Growing up as a gay Mormon kid, I suffered from the illusion that it was my responsibility to make everyone else happy. And while pleasing others is often a good thing, when it comes at the expense of our own spiritual well-being, it becomes unhealthy and unrealistic. As an adult–and someone who has a deep relationship with my Savior and am finally comfortable in my own skin–I understand that while I might have responsibilities, there are also several things I’m not responsible for.
I don’t have to understand everything and have all the answers. Some things are none of my business and others will simply never make sense to me.

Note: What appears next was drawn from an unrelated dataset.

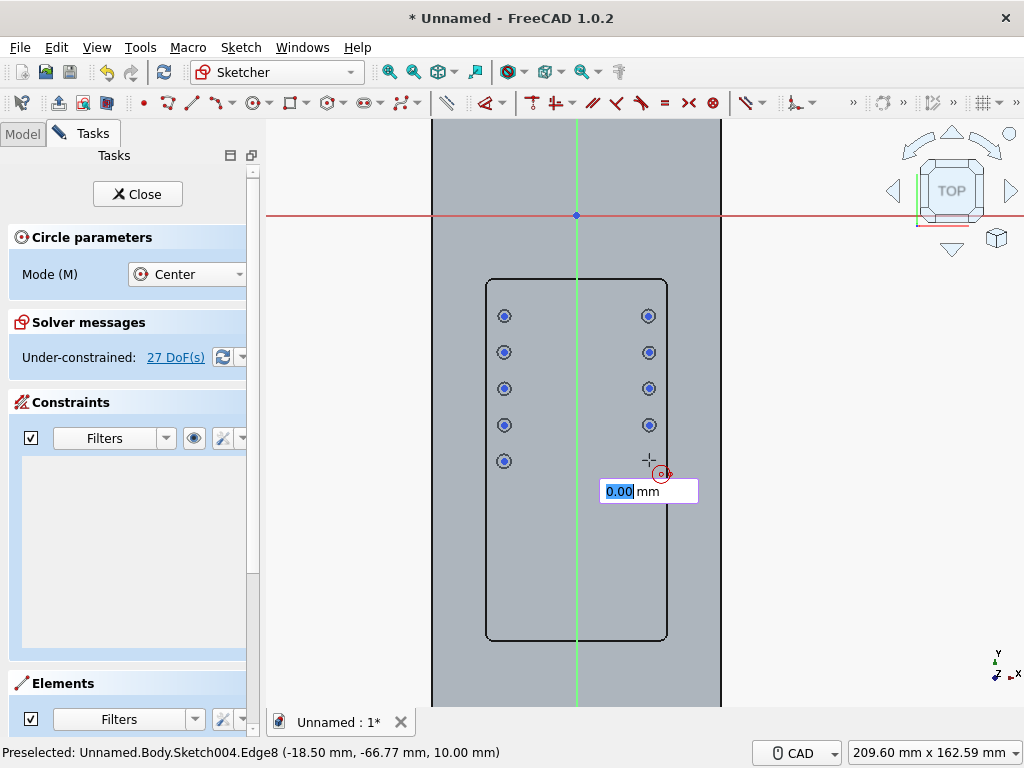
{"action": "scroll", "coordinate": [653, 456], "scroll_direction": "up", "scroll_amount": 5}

I don’t have to be afraid of the future or wonder how I fit into any plan. My job is to live my life one day at a time, and remind myself that just because we as humans haven’t figured out how everything fits together doesn’t mean our Savior hasn’t known all along.

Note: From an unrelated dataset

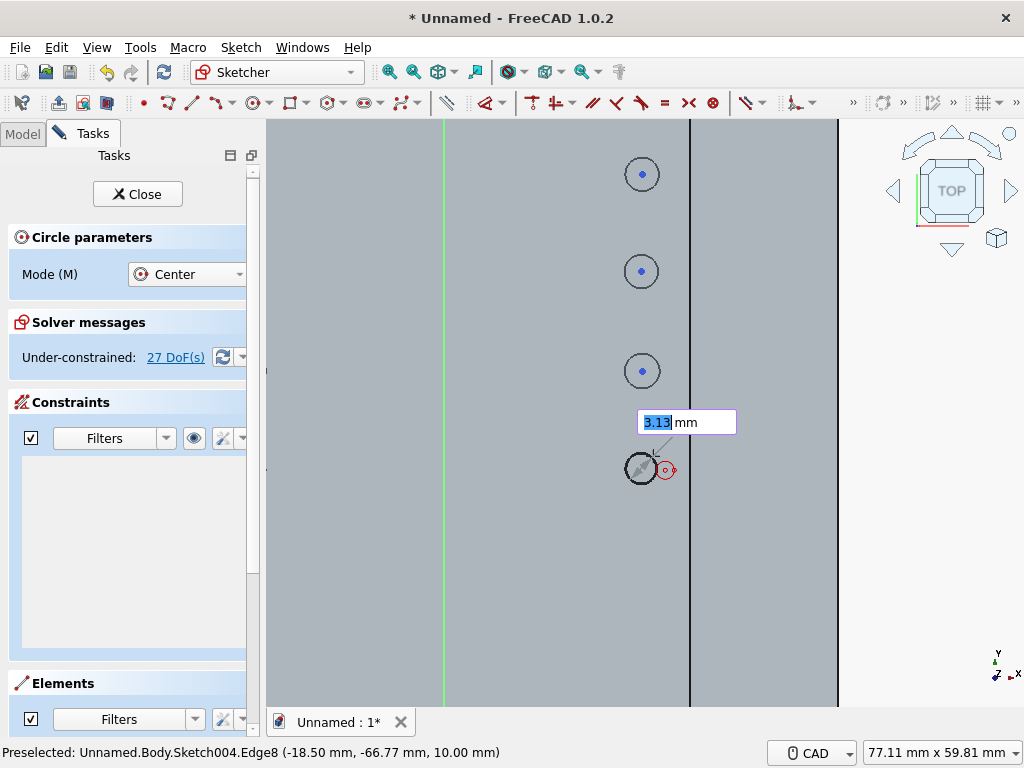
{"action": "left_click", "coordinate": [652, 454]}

I never have to give up on my hopes and dreams, despite what my fear might tell me or what other people might say. My Savior is not limited by our human lack of imagination or understanding.
I don’t have to take on the responsibility of making everyone else happy or be responsible for other peoples’ choices. Other people’s unmet expectations aren’t my responsibility, and other people have a Savior, too–and it’s not me. When I practice this I can love others without insisting they be just like me or live life the way I’d like them to.
My goal is not to change other people to suit me; my goal is not to change myself to suit others; my goal is to change me into the kind of human my Savior wants me to be.
I am Mitch Mayne. I am an openly gay, active Latter-day Saint.
I was raised in Idaho, and baptized into the Mormon Church when I was eight. I left the church for many years, due in large part to my parent’s divorce. In my mid-20s, I returned to the church of my own accord, knowing full well that I was gay, and that someday I would have to find a way to reconcile my sexual orientation with my faith.
For many years, I was fractured: I believed I was a man with a foot in two worlds, and that I belonged in neither. But as I’ve grown in my testimony of my Savior and my confidence in who I am, I’ve come to understand myself as a man with a foot in two worlds–who very much belongs in both. From August 2011 through November of 2013, I served as the executive secretary of the bishopric of the Bay Ward within the San Francisco Stake.
I currently remain an active, happy and whole gay Mormon–just the way I am.